Emmett Till's childhood home is named a Chicago landmark

Till, a 14-year-old Black boy from Chicago, was killed in Mississippi in 1955.

January 28, 2021, 9:26 AM

The childhood home of slain teenager Emmett Till has been declared a landmark by the Chicago City Council.

Till, a 14-year-old Black boy from Chicago, was killed while visiting his family in Mississippi in the summer of 1955. Till was kidnapped, beaten and lynched after he was accused of whistling at a white woman.

PHOTO: Fourteen-year-old Emmett Till from Chicago, whose battered body with a bullet in his head and a weight around his neck, was pulled from the Tallahatchie River in Mississippi.
Fourteen-year-old Emmett Till from Chicago, whose battered body with a bullet in his head and a weight around his neck, was pulled from the Tallahatchie River in Mississippi.
AP

When Till's body was returned home, "Till's mother, Mamie, held an open-casket funeral to show the world the horrifying violence her son had suffered," and "Till's death became a rallying cry for the civil rights movement," the Chicago City Council said in its decision Wednesday.

PHOTO: Mamie Till Mobley weeps at her son's funeral on Sept. 6, 1955, in Chicago. Mobley insisted that her son's body be displayed in an open casket forcing the nation to see the brutality directed at Blacks in the South.
Mamie Till Mobley weeps at her son's funeral on Sept. 6, 1955, in Chicago. Mobley insisted that her son's body be displayed in an open casket forcing the nation to see the brutality directed at Blacks in the South.
AP, FILE

Two white men, J.W. Milam and Roy Bryant, went on trial for Till's killing. They were acquitted in September 1955 by an all-white jury after deliberating for about an hour. The men later reportedly confessed to the slaying.

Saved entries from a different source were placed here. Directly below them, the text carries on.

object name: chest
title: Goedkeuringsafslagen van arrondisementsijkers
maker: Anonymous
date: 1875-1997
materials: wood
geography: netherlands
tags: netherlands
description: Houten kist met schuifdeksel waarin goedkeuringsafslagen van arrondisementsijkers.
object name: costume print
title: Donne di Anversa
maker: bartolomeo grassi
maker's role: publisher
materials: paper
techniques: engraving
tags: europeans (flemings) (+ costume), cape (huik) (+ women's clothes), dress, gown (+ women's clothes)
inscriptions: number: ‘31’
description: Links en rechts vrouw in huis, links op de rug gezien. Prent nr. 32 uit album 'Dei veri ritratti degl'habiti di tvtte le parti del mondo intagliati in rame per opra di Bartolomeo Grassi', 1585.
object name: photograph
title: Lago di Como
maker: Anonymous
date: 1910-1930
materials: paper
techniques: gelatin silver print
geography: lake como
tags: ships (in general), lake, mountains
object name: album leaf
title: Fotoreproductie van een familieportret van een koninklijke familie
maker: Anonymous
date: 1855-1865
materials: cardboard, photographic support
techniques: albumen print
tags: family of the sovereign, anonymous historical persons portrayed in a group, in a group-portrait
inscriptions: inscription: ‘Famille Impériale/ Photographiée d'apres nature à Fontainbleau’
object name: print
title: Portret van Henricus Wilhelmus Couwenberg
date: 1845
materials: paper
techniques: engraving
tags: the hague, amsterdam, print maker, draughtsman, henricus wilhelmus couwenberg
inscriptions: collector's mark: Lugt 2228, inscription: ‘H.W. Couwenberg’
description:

The city council said, "Mamie Till-Mobley continued to live in a three-bedroom apartment on the home’s second floor until 1962 while she worked to honor the legacy of her only child by devoting her life to eradicating racism and improving the quality of life for people of color."

PHOTO: The former home of Emmett Till at 6427 S. St. Lawrence Ave. in Chicago on Nov. 9, 2017.
The former home of Emmett Till at 6427 S. St. Lawrence Ave. in Chicago on Nov. 9, 2017.
Chicago Tribune/TNS via Getty Images

The home, at 6427 S. St. Lawrence Avenue, was built in 1895, according to the city. Advocates hope to turn the house into a museum, The Chicago Sun-Times reported. Landmark status keeps the house from being torn down or undergoing major alterations, according to The Chicago Tribune.